Well, where to start… This was a busy few days!
To start with, I should apologize for the previous blog post bashing DynamoDB before Amazon gets sad. It turns out my team mate and I were completely wrong about its abilities. We jumped to the conclusion that it could not support queries without specifying the primary key. It turns out it can. And it does this through the use of indexes that you manually specify (which you can do after the table has been created too). These indexes aren’t quite like indexes in relational databases though. They’re hashes. And given DynamoDB’s price competitiveness, we’re pretty happy looking at it as an option. Tl;dr we can use DynamoDB basically just as feasibly as any other NoSQL database.

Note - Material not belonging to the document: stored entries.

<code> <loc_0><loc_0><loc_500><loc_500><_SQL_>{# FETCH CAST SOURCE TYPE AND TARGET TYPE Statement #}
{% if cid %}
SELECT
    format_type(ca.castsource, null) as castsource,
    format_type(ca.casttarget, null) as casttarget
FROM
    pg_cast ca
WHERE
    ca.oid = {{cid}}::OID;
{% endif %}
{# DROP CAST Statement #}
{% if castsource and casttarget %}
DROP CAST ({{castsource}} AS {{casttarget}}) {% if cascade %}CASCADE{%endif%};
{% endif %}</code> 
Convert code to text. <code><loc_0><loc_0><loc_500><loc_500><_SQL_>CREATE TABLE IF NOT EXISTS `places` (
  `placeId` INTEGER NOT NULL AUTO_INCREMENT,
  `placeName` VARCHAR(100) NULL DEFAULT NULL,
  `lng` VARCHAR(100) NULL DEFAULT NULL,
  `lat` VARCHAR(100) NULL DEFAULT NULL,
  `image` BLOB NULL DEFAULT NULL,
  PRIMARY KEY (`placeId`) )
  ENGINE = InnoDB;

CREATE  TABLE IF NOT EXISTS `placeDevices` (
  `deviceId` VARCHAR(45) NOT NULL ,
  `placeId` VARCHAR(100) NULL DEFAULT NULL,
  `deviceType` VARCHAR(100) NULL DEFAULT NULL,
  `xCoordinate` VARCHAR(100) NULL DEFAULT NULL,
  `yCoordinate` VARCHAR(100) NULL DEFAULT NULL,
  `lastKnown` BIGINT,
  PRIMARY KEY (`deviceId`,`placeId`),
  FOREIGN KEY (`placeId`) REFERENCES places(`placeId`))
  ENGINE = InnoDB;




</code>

For the non-tl;dr, see my team mate’s blog post where he gets into the gritty details about DynamoDB and hash indexes.
Now on to the rest! We’re still not ready to start building because we’re still stuck at the stage where we decide on technology. Technologically, DynamoDB is good enough for us. However, I don’t work at the Seneca College Centre for Development of Proprietary Technology. We breath open source. If we can find an open source alternative to DynamoDB that Engineering.com is comfortable with, we can avoid coupling them too tightly to a proprietary technology. Freedom is nice.

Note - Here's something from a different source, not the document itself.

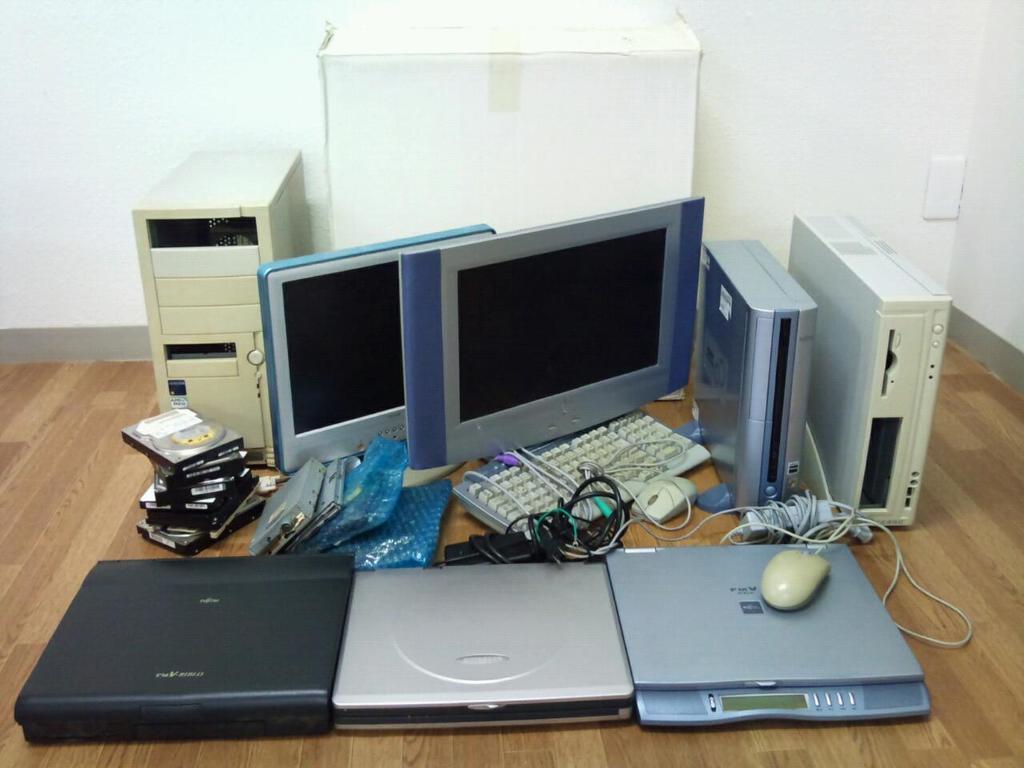Could you give a brief overview of what you see in this image? This Image consists of computers, DVD players, Mouse, monitors, keyboards, wires, CD, CPU, and a box in the back side.

So open source is good, NoSQL is necessary. All aboard the hype train, next stop MongoDB? I’ve known about MongoDB for years, and to my knowledge, it’s past its hyped up evangelized stage and if it’s still around, it must be good. I researched it. Turns out it’s massively scale-able, provided you have the metal for it, or if you want to go on the cloud, the database’s creator even offers MongoDB Atlas, a Database-as-a-Service (DBaas). Atlas sounds like what we need, but it better be scaleable. That’s the problem we keep running into with these cloud services. They’re convenient but limited. The main reason we need NoSQL at this point is because all of the relational database services on Amazon Web Services have a 6 TB limit, and we know we’ll need much more space than that if Engineering.com wants to run our creation for years to come. From what I gathered reading Atlas’s whitepaper and website pricing info, we should be able to get at least 10 TB from their cloud service. Better… But I sent them an email requesting more information and guidance before we take it too seriously.
Now here’s where the drama starts again. I researched how accurate MongoDB was. That is, is it just as strong as a traditional relational database? Is it ACID-compliant? Will it explode?

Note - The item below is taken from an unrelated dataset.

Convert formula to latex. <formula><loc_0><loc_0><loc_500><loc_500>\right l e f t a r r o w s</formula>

Our database for the project, maybe.
Yes. MongoDB’s criticism after its initial hype was warranted after all. It is absolutely garbage for relational data, *if* you need that data to be accurate. It isn’t ACID-complaint on the transactional level, so if you have a power outage, say goodbye to the usefulness of your data. Now for our project, this may be okay, because we don’t need the data to be super accurate. If things get disjointed after being denormalized (as anything must be to fit into a NoSQL database), it just slightly reduces the amount of useful analytics data we would have to work with. And having 99.99% of our analytics data that we mined available to us is still completely fine. However, I would definitely not use MongoDB in the real world for anything involving important information, especially e-commerce etc. If this paragraph went over your head or bored you, you’d probably enjoy reading the use case blog post I read to discover this. In it, American developer Sarah Mei describes how using MongoDB during the launch of Diaspora almost destroyed the project, and why they ultimately had to retreat back to relational databases.
So what does this mean? We’re closer, but we need to triple check the safety of using MongoDB for this project (and all NoSQL databases like DynamoDB for that matter!) before finally getting started building.